TASK MATERIAL
===============

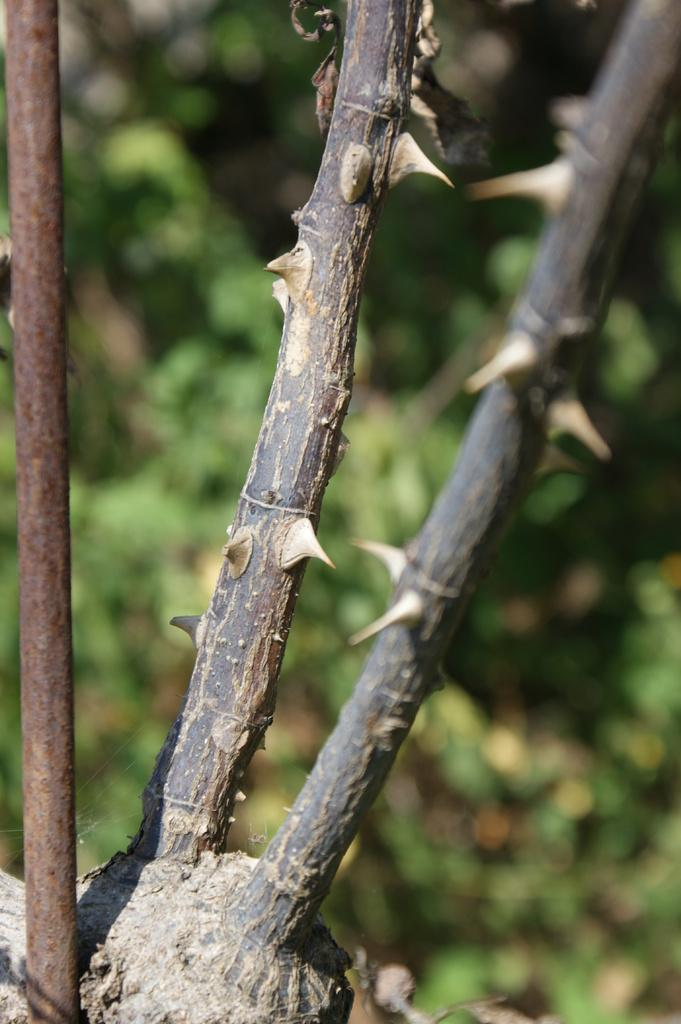What type of plants have thorns on their stems in the image? The facts do not specify the type of plants, only that there are thorns on the stems. What can be seen on the left side of the image? There is a pole on the left side of the image. How would you describe the background of the image? The background of the image is blurred. How does the rake provide support for the plants in the image? There is no rake present in the image, so it cannot provide support for the plants. 
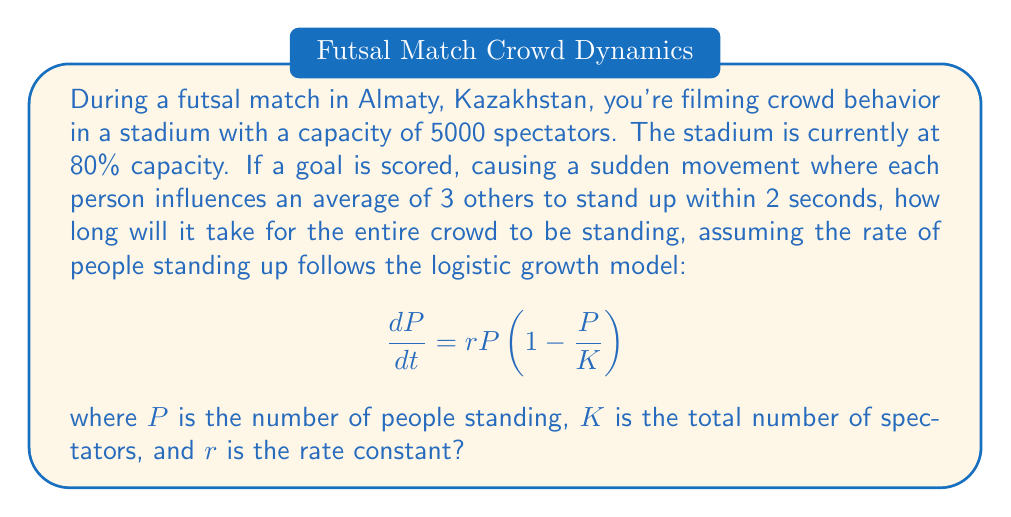Solve this math problem. Let's approach this step-by-step:

1) First, we need to calculate the total number of spectators (K):
   $K = 5000 \times 0.80 = 4000$ spectators

2) We're given that each person influences 3 others within 2 seconds. This means that in 2 seconds, the number of people standing quadruples. We can use this to find r:
   
   $P(2) = 4P(0)$
   
   In the logistic model, for small t and P << K, we can approximate:
   $P(t) \approx P(0)e^{rt}$
   
   So, $4 = e^{2r}$
   $\ln(4) = 2r$
   $r = \frac{\ln(4)}{2} \approx 0.693$ per second

3) Now we have our complete logistic equation:
   $$\frac{dP}{dt} = 0.693P(1-\frac{P}{4000})$$

4) To find the time when everyone is standing, we need to solve for t when P is very close to K (let's say 99.9% of K):
   
   $\frac{4000}{1+Ce^{-0.693t}} = 3996$

   Where C is a constant determined by the initial conditions.

5) Solving for t:
   $1+Ce^{-0.693t} = \frac{4000}{3996} \approx 1.001$
   $Ce^{-0.693t} = 0.001$
   $-0.693t = \ln(\frac{0.001}{C})$
   $t = \frac{\ln(C) - \ln(0.001)}{0.693}$

6) To find C, we use the initial condition. Let's assume 10 people initially stand up:
   $10 = \frac{4000}{1+C}$
   $C = 399$

7) Now we can solve for t:
   $t = \frac{\ln(399) - \ln(0.001)}{0.693} \approx 13.3$ seconds
Answer: 13.3 seconds

===============

YOUR GOAL
Without including any pictures, repeat the records above exactly.

TASK SOLUTION
What type of plants have thorns on their stems in the image? The facts do not specify the type of plants, only that there are thorns on the stems. What can be seen on the left side of the image? There is a pole on the left side of the image. How would you describe the background of the image? The background of the image is blurred. How does the rake provide support for the plants in the image? There is no rake present in the image, so it cannot provide support for the plants. 
Solve this math problem. Let's approach this step-by-step:

1) First, we need to calculate the total number of spectators (K):
   $K = 5000 \times 0.80 = 4000$ spectators

2) We're given that each person influences 3 others within 2 seconds. This means that in 2 seconds, the number of people standing quadruples. We can use this to find r:
   
   $P(2) = 4P(0)$
   
   In the logistic model, for small t and P << K, we can approximate:
   $P(t) \approx P(0)e^{rt}$
   
   So, $4 = e^{2r}$
   $\ln(4) = 2r$
   $r = \frac{\ln(4)}{2} \approx 0.693$ per second

3) Now we have our complete logistic equation:
   $$\frac{dP}{dt} = 0.693P(1-\frac{P}{4000})$$

4) To find the time when everyone is standing, we need to solve for t when P is very close to K (let's say 99.9% of K):
   
   $\frac{4000}{1+Ce^{-0.693t}} = 3996$

   Where C is a constant determined by the initial conditions.

5) Solving for t:
   $1+Ce^{-0.693t} = \frac{4000}{3996} \approx 1.001$
   $Ce^{-0.693t} = 0.001$
   $-0.693t = \ln(\frac{0.001}{C})$
   $t = \frac{\ln(C) - \ln(0.001)}{0.693}$

6) To find C, we use the initial condition. Let's assume 10 people initially stand up:
   $10 = \frac{4000}{1+C}$
   $C = 399$

7) Now we can solve for t:
   $t = \frac{\ln(399) - \ln(0.001)}{0.693} \approx 13.3$ seconds
Answer: 13.3 seconds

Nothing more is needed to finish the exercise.